The -stdpar
option of nvfortran generates code from OpenACC regions, although no -acc
option is specified. I have a test code using three different kinds of parallelization methods:
program test
integer, parameter :: N = 1000
integer, dimension(N) :: x
integer :: i
!$omp target teams distribute parallel do
do i = 1, N
x(i) = 1
end do
!$acc parallel loop
do i = 1, N
x(i) = 1
end do
do concurrent (i=1:n)
x(i) = 1
end do
print *, x(1), x(N/2)
end program test
The print statements are apparently necessary to avoid the loops to be optimized away. I compile it in three different ways:
(ninja) [cweiss@gpu001 tmp]$ nvfortran -stdpar=gpu -Minfo=all test_stdpar.f90 -o test.x
test:
7, Recognized memory set idiom
11, Generating NVIDIA GPU code
12, !$acc loop gang, vector(128) ! blockidx%x threadidx%x
11, Generating implicit copyout(x(:)) [if not already present]

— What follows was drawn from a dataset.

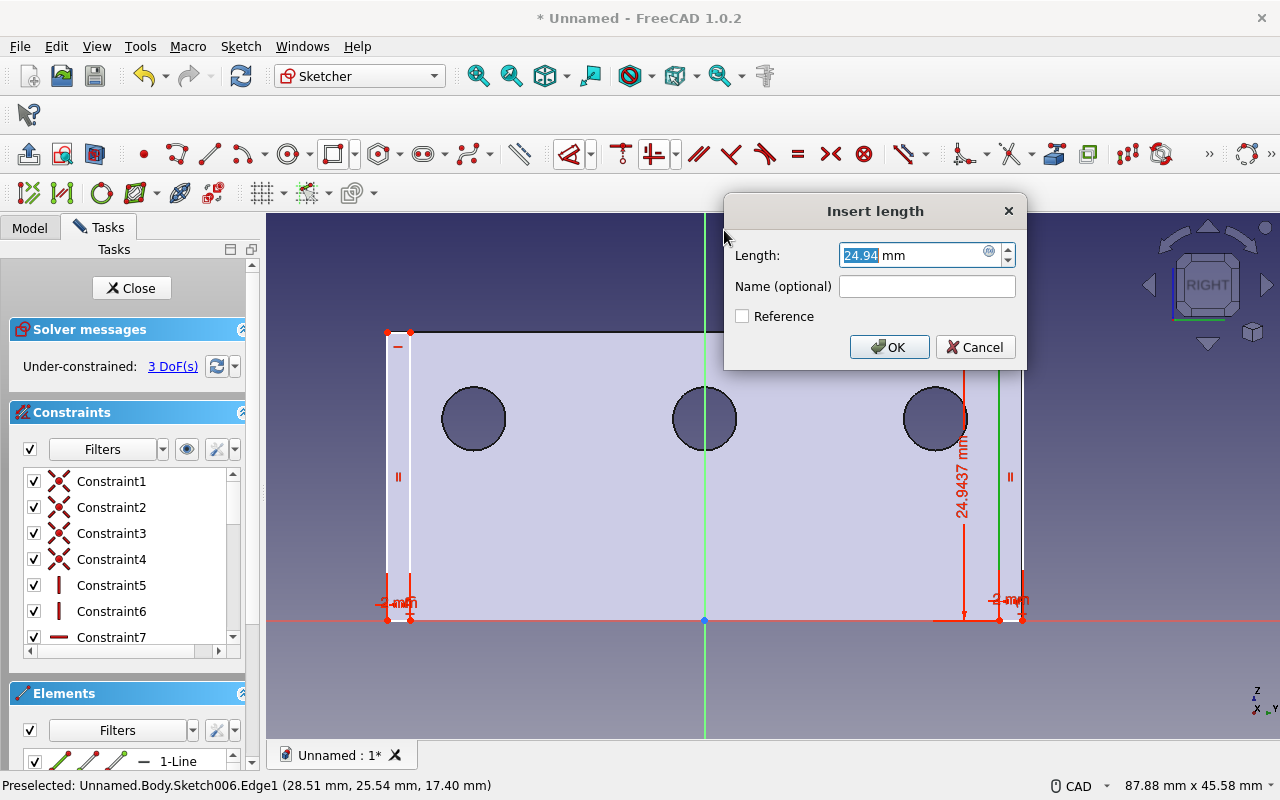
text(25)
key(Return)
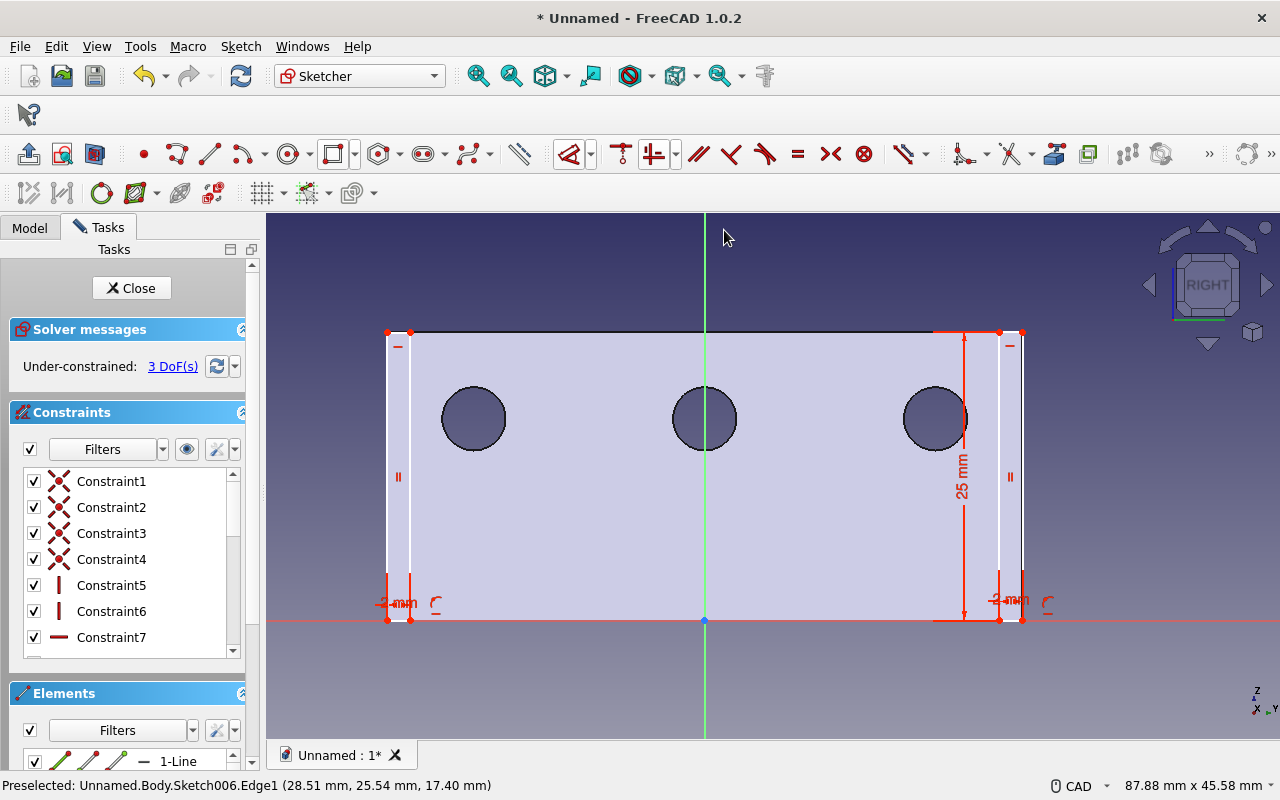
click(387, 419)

16, Generating NVIDIA GPU code
16, Loop parallelized across CUDA thread blocks, CUDA threads(128) blockidx%x threadidx%x
16, Generating implicit copyout(x(:)) [if not already present]
(ninja) [cweiss@gpu001 tmp]$ nvfortran -acc=gpu -Minfo=all test_stdpar.f90 -o test.x
test:
7, Recognized memory set idiom
11, Generating NVIDIA GPU code
12, !$acc loop gang, vector(128) ! blockidx%x threadidx%x
11, Generating implicit copyout(x(:)) [if not already present]

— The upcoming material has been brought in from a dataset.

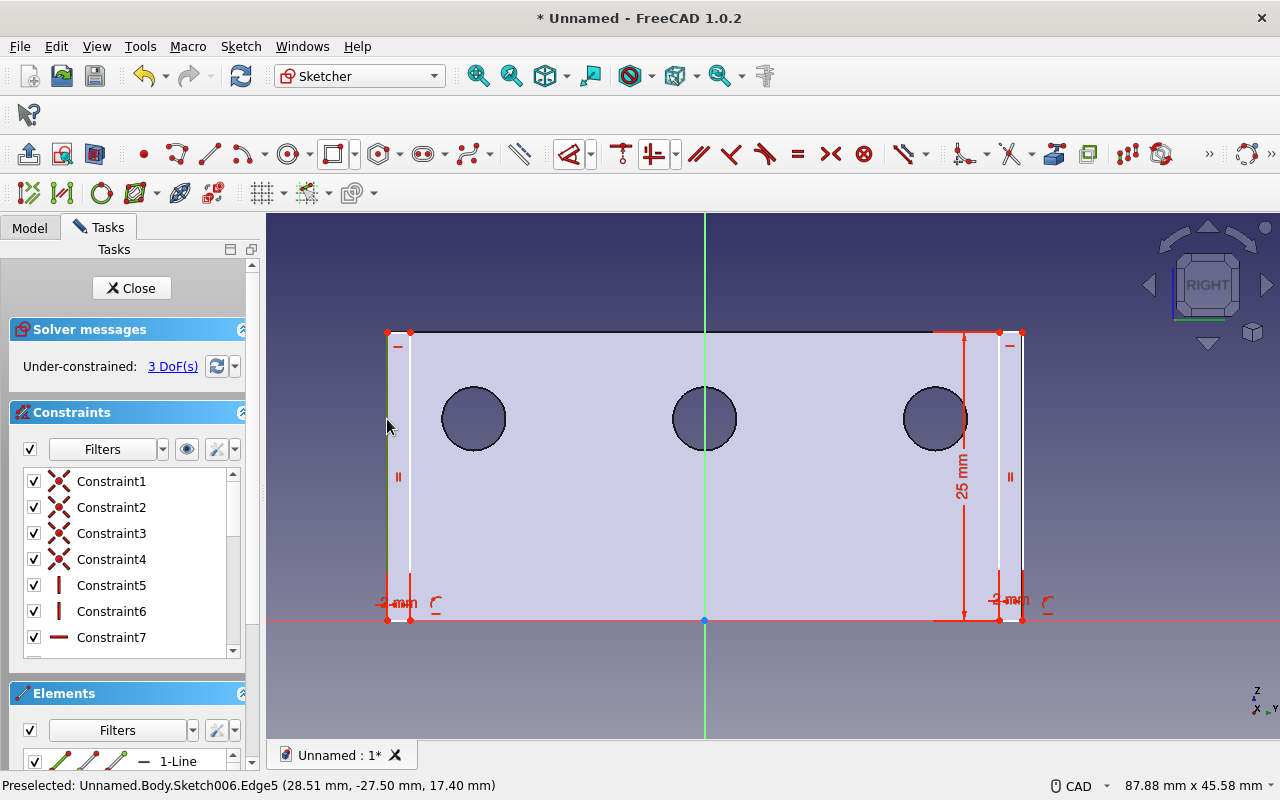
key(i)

(ninja) [cweiss@gpu001 tmp]$ nvfortran -mp=gpu -Minfo=all test_stdpar.f90 -o test.x
test:
6, !$omp target teams distribute parallel do
6, Generating "nvkernel_MAIN__F1L6_2" GPU kernel
6, Generating implicit map(tofrom:x(:))
As a reference, the compilation with neither of these options yields no output from -Minfo
.
The compilation with -stdpar
should only address the last loop, but -Minfo
shows that also the second one is used to generate OpenACC code. On the other hand, -acc=gpu
behaves as expected. However, both compilations give the message Recognized memory set idiom
for the OpenMP region, which does not happen in the pure CPU build. Finally, the OpenMP compilation is not conspicuous.
According to my understanding, -stdpar=gpu
should leave the OpenACC regions unaffected, or do I understand it wrong?